上記のような能力を測定することで、次のような育成プランを立てることができるでしょう。

例1 :個を活かす能力は高いがチームを形成し牽引する能力が低い「個人偏重型」の場合

チーム単位での改革プロジェクトの推進等を通じてリーダーシップを養う

例2 :チームを形成し牽引する能力は高いが個を活かす能力が低い「個人軽視型」の場合

シーン別のコーチングアプローチ50本マラソンを実施。コーチングトレーニングを積む

知識だけではない、生きた変革牽引力を目指して

ひと口に「変革牽引人材の育成」と言っても、どの部分に変革が必要なのかは企業によって異なるため、育成すべき人材像も異なります。
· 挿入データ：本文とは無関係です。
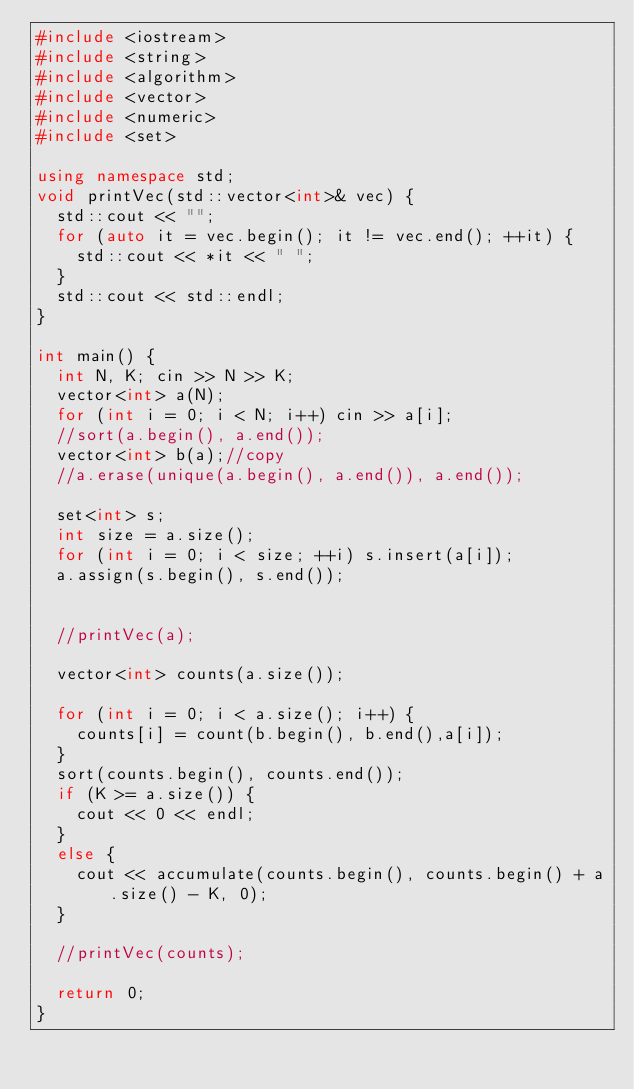Convert code to text. <code><loc_0><loc_0><loc_500><loc_500><_C++_>#include <iostream>
#include <string>
#include <algorithm>
#include <vector>
#include <numeric>
#include <set>

using namespace std;
void printVec(std::vector<int>& vec) {
	std::cout << "";
	for (auto it = vec.begin(); it != vec.end(); ++it) {
		std::cout << *it << " ";
	}
	std::cout << std::endl;
}

int main() {
	int N, K; cin >> N >> K;
	vector<int> a(N);
	for (int i = 0; i < N; i++) cin >> a[i];
	//sort(a.begin(), a.end());
	vector<int> b(a);//copy
	//a.erase(unique(a.begin(), a.end()), a.end());
	
	set<int> s;
	int size = a.size();
	for (int i = 0; i < size; ++i) s.insert(a[i]);
	a.assign(s.begin(), s.end());
	

	//printVec(a);

	vector<int> counts(a.size());

	for (int i = 0; i < a.size(); i++) {
		counts[i] = count(b.begin(), b.end(),a[i]);
	}
	sort(counts.begin(), counts.end());
	if (K >= a.size()) {
		cout << 0 << endl;
	}
	else {
		cout << accumulate(counts.begin(), counts.begin() + a.size() - K, 0);
	}
	
	//printVec(counts);

	return 0;
}</code> 
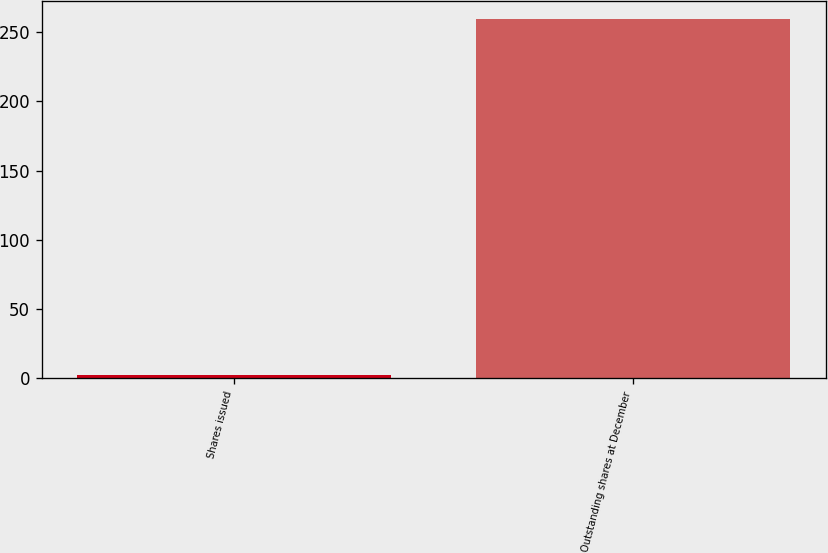Convert chart to OTSL. <chart><loc_0><loc_0><loc_500><loc_500><bar_chart><fcel>Shares issued<fcel>Outstanding shares at December<nl><fcel>2.2<fcel>259.1<nl></chart> 
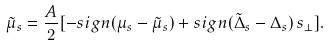Convert formula to latex. <formula><loc_0><loc_0><loc_500><loc_500>\tilde { \mu } _ { s } = \frac { A } { 2 } [ - s i g n ( \mu _ { s } - \tilde { \mu } _ { s } ) + s i g n ( \tilde { \Delta } _ { s } - \Delta _ { s } ) \, s _ { \perp } ] .</formula>

さらに、対象となる人材が現在どのような状態にあるかによって、育成の内容や手法も様々であることがおわかりいただけたのではないでしょうか。

JMAの提供する「変革リーダー育成」関連プログラムでは、以下のようなことが可能です。

独自のノウハウによる「アセスメント」で現状の詳細な分析が可能

面談などのセッティングは不要でありながら、質問項目の工夫や記述回答の多さ、記述された内容を分析するノウハウにより、企業ごと、対象者ごとの課題を抽出。最適な育成メニューを組み立てることができます。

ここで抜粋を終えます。